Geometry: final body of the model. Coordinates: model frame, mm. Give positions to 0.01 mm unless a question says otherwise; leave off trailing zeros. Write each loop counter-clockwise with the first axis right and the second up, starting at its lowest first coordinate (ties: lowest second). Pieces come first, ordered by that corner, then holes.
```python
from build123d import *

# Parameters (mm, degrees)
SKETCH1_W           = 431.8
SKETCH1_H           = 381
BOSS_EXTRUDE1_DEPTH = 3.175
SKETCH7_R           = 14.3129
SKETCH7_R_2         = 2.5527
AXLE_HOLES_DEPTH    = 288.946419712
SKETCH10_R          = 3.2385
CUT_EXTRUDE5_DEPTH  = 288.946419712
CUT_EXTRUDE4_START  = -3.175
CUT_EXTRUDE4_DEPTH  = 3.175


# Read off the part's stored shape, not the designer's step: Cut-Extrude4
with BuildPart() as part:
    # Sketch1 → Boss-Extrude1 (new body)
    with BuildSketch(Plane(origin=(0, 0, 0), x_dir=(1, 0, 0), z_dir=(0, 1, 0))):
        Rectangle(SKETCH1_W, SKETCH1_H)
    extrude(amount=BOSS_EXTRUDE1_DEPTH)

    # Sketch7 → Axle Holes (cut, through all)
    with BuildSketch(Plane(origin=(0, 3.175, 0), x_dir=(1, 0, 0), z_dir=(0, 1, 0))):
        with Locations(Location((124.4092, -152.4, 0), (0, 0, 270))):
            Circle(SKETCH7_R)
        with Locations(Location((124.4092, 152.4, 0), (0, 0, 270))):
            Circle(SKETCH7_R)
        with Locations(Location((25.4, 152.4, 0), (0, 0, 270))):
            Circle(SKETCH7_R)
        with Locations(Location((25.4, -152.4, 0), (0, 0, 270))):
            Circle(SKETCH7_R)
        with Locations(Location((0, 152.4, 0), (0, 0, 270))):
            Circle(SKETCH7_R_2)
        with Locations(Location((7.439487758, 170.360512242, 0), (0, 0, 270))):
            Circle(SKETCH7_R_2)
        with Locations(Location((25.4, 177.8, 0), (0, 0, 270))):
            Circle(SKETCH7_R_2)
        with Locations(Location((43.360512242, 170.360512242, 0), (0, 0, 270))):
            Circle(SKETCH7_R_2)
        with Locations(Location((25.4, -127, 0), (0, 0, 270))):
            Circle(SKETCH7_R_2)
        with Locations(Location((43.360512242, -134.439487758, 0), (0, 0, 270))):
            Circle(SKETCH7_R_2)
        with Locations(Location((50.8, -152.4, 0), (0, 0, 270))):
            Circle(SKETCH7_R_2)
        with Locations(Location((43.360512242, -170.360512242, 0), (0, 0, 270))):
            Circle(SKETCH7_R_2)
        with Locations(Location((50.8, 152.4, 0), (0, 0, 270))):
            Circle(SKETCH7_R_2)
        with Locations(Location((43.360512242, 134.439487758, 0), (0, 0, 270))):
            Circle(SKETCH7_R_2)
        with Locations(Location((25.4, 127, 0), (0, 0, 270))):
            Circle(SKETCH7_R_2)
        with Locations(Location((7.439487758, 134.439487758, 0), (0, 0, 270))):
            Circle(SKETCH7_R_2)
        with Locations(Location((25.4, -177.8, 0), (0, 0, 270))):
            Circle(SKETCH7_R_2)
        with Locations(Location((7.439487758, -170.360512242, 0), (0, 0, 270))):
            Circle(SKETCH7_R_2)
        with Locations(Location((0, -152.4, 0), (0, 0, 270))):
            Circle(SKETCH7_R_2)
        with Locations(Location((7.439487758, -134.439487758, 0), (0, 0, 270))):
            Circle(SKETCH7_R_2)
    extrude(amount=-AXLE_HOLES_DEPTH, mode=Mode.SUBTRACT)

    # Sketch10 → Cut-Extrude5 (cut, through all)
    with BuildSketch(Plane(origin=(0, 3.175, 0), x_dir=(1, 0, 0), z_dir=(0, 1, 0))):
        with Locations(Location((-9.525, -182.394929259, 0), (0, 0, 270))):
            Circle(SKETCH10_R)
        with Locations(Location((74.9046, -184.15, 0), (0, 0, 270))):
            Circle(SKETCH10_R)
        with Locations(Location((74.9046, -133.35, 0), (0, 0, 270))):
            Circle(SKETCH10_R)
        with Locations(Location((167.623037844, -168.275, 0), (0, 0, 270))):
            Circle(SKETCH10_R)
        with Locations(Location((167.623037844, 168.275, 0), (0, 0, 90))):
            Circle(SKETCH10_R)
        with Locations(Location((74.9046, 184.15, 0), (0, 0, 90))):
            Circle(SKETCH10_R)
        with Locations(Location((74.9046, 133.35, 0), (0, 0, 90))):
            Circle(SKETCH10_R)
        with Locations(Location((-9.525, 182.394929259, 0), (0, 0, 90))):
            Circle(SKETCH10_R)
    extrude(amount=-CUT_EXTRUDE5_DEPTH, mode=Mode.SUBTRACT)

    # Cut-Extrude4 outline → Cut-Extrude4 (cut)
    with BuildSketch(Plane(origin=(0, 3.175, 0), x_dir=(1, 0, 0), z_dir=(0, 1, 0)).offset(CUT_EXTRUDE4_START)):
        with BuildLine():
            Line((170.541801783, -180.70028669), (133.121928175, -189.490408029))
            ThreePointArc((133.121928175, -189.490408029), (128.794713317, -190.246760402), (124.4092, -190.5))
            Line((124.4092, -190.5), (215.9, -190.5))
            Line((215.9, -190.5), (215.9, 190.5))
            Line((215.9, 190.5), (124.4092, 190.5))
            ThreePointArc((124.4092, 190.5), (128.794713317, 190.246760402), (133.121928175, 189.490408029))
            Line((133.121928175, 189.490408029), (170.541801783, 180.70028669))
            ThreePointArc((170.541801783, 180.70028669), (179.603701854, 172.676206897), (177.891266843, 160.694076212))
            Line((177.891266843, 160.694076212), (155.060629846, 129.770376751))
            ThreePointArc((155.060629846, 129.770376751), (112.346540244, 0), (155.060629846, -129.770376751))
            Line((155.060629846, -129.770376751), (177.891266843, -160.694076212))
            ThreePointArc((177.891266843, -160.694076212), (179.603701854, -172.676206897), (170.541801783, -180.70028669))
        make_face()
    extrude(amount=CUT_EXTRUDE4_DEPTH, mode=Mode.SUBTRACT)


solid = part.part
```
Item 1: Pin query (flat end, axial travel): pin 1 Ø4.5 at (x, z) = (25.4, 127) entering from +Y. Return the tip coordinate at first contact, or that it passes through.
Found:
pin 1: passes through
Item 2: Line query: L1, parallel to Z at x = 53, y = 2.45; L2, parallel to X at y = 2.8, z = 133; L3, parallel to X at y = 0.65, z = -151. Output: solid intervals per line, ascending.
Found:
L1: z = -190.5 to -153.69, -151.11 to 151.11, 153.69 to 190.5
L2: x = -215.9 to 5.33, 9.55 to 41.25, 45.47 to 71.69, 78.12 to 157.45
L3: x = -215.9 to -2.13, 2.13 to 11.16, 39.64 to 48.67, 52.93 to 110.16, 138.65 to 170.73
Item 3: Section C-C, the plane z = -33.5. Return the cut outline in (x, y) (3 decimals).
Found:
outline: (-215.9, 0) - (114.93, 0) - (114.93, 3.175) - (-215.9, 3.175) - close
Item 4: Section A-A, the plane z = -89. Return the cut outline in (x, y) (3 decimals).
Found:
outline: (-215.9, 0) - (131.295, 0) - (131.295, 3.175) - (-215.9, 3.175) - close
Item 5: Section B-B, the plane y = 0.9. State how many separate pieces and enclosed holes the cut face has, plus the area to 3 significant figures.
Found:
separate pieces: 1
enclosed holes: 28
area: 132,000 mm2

□ □ □ □ □ □ □

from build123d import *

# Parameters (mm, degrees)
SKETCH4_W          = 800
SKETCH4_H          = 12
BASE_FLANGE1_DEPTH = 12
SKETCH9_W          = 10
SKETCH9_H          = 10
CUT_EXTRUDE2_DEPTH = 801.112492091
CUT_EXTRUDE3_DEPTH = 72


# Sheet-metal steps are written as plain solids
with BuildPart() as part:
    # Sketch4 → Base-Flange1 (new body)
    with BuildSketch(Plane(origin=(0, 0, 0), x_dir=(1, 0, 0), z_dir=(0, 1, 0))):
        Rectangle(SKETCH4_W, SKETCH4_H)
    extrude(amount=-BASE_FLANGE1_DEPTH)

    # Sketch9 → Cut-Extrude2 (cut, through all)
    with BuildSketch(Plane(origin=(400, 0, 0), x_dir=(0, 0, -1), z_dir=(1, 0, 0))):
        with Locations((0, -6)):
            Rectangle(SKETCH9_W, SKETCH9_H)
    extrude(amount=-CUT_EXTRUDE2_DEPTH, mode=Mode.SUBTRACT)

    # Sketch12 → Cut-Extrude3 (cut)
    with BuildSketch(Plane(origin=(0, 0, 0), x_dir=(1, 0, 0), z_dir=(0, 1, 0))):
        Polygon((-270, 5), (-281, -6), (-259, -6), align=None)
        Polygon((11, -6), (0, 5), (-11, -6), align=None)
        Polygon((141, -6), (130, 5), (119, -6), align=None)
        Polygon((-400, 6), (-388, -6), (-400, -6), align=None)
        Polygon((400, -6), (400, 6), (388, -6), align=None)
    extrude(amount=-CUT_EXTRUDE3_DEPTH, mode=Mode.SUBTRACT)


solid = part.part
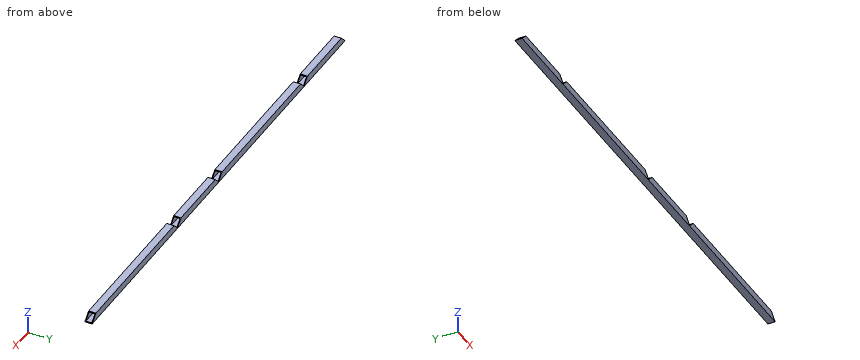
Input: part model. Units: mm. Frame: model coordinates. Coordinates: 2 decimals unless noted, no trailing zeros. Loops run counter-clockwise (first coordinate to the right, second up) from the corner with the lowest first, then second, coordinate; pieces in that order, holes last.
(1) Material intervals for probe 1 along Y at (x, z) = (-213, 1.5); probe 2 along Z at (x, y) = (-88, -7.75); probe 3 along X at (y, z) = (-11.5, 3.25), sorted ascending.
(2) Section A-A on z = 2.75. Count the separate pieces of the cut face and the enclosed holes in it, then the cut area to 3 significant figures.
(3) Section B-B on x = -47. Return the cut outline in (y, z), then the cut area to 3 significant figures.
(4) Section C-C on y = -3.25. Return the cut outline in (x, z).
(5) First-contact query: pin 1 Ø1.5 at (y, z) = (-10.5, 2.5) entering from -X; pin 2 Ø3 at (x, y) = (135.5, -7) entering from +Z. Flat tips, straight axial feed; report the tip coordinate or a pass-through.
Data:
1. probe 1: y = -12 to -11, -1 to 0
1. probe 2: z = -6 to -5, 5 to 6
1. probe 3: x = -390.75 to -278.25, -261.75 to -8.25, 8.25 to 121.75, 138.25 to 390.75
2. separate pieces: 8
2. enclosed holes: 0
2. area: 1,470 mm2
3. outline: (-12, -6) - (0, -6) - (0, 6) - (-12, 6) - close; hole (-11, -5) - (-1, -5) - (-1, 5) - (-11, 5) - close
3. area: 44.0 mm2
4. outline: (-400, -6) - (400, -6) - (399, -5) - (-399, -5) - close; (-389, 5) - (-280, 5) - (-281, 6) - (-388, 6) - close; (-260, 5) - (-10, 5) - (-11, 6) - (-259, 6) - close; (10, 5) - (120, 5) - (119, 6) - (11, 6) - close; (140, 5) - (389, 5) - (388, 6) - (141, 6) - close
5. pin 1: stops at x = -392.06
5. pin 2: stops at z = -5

□ □ □ □ □ □ □

| Work request |
The string "lowest" marks the lines to copy; report each of them from the data above.

| Exercise result |
Geometry: final body of the model. Coordinates: model frame, mm. Give positions to 0.01 mm unless a question says otherwise; leave off trailing zeros. Write each loop counter-clockwise with the first axis right and the second up, starting at its lowest first coordinate (ties: lowest second). Pieces come first, ordered by that corner, then holes.
Input: part model. Units: mm. Frame: model coordinates. Coordinates: 2 decimals unless noted, no trailing zeros. Loops run counter-clockwise (first coordinate to the right, second up) from the corner with the lowest first, then second, coordinate; pieces in that order, holes last.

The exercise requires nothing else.